Le père Chauvin prit alors congé du bedeau, qui fut ponctuel à lui envoyer le cercueil le jour indiqué. Le mort, enseveli d’un linceul qu’un des voisins fournit par charité, y fut déposé au milieu des larmes et des sanglots. Chauvin plaça le cercueil sur son traîneau, qu’un autre de ses voisins s’offrit généreusement de conduire, puis il prit place derrière, accompagné du vieux chien Mordfort, et le convoi du pauvre s’achemina lentement vers le cimetière du faubourg Saint-Antoine.

Dès que le gardien de ce vaste dortoir vit arriver le convoi, il vint au-devant, et, aidé du conducteur de la voiture, il déposa le corps dans la chapelle, en attendant le prêtre, qui venait régulièrement, deux fois la semaine, présider à l’enterrement des pauvres.
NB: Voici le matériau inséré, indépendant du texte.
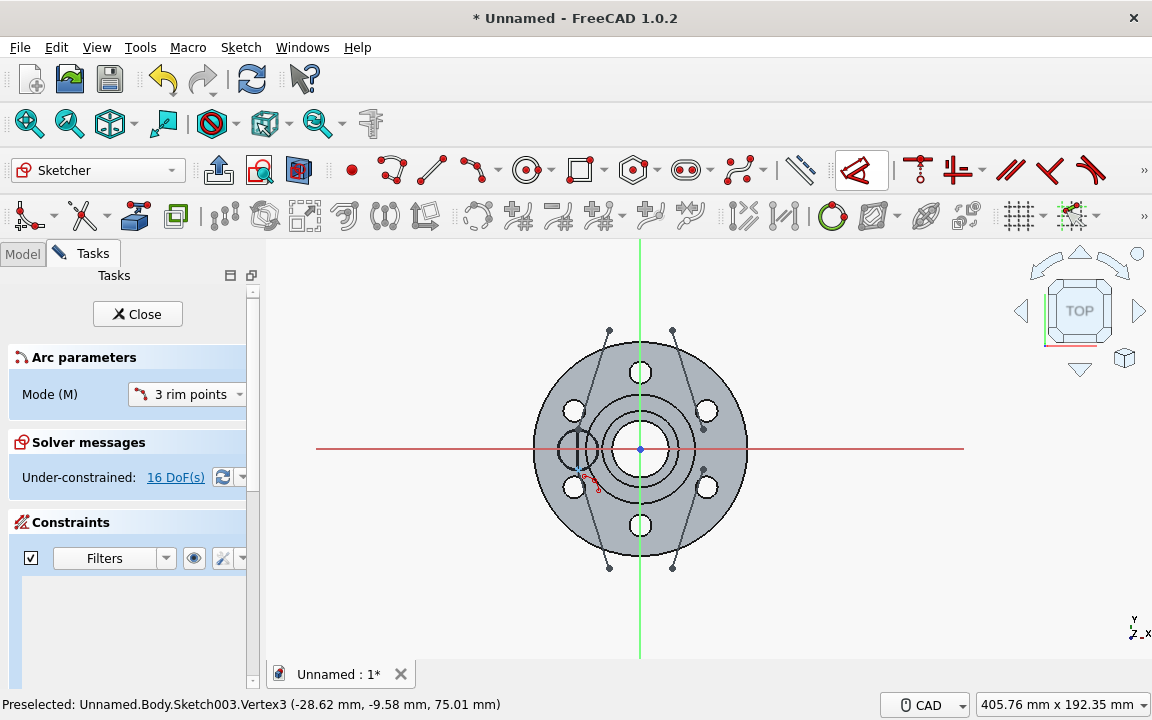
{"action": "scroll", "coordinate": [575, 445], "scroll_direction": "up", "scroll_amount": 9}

Celui-ci parut bientôt, et, après les prières usitées, le corps fut emporté à bras par le gardien et un de ses aides. Après avoir fait quelques pas, les porteurs s’arrêtèrent près d’une frêle construction en bois, d’environ vingt pieds carrés, qui reposait sur la terre nue ; et le gardien, tirant une clef de sa poche, se mit en devoir d’en ouvrir la porte.
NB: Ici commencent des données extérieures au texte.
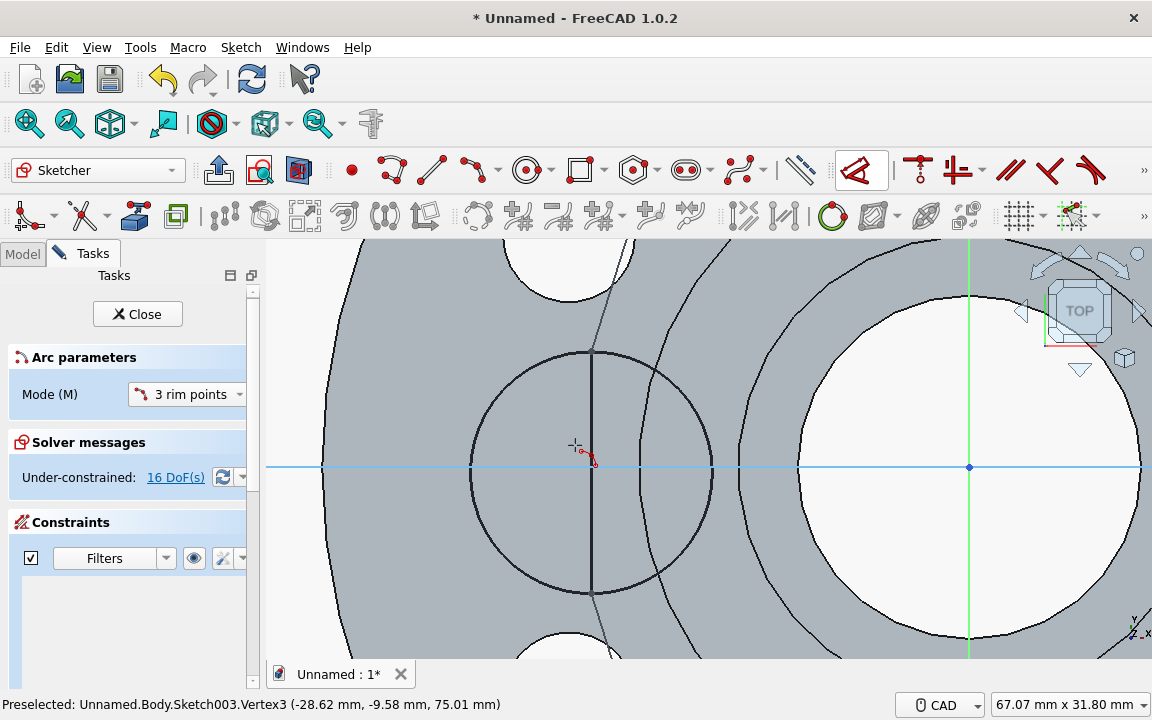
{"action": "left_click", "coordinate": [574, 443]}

— Mais où est-ce donc que vous allez mettre mon fils ? demanda Chauvin d’un air inquiet ; je ne vois pas de fosse creusée pour…

— Mais, ici, répondit le gardien, dans la charnière ; c’est là que l’on met les pauvres pendant l’hiver ; la terre est gelée, et ça coûterait trop cher pour faire les fosses.

— Ah ! Monsieur, je vous en prie, ne le mettez pas là ; ma pauvre femme en mourrait de douleur, si elle le savait. Mon fils n’y restera pas la nuit, il va être volé par les clercs docteurs.

— Ah ! pour cela, ne craignez rien, bonhomme ; j’ai là mon fusil et un bon chien. Je les défie d’y venir.

— Tenez, Monsieur, prêtez-moi une bêche ; la terre ne vous manque pas ici : je vais creuser moi-même la fosse de mon fils, dans quelque petit coin.

— C’est impossible, bonhomme, c’est contre mes ordres.

— Oh ! je vous en prie, ne me refusez pas cette grâce, je gratterai plutôt la terre avec mes mains ; mais, pour l’amour de Dieu, ne mettez pas mon fils dans la charnière.

Cette horreur des pauvres pour le charnier n’est point exagérée. Il y a eu un temps où des gardiens infidèles se laissaient corrompre par l’appât de l’or, et faisaient du charnier un réservoir où les clercs-docteurs venaient, à prix fixe, choisir les sujets de dissection qui leur convenaient. Il s’y faisait un trafic régulier de chair humaine, et Dieu seul connaît le nombre de ceux qui sont passés de ce lieu de repos sous le scalpel du médecin. Mais on doit dire ici, à la louange du gardien actuel, qu’il s’acquitte de sa charge avec une fidélité à toute épreuve, et personne ne sait mieux que les clercs-médecins qu’il est incorruptible sur ce chapitre ; aussi envie ne leur prend d’essayer la juste portée de son fusil, ni de faire une connaissance trop intime avec la mâchoire du fidèle Sultan.

Aussi ce fut aux assurances réitérées que le gardien fit à Chauvin que le corps de son fils serait dans le charnier aussi en sûreté qu’au sein de la terre qu’il consentit, comme malgré lui, à l’y laisser déposer. Ce pauvre père, le cœur navré, plongea plusieurs fois ses regards au fond de ce trou où gisaient, rangés par ordre, un grand nombre de cercueils de toute grandeur ; et, lorsque le corps de son fils y fut descendu, il lui jeta, pour dernier adieu, quelques poignées de terre, et la porte du charnier se referma.

  1. On s’est relâché, depuis, de la rigueur de cette règle ; les corps des pauvres peuvent maintenant entrer à l’église et participer aux prières qui s’y disent pour les morts – Note de l’Auteur.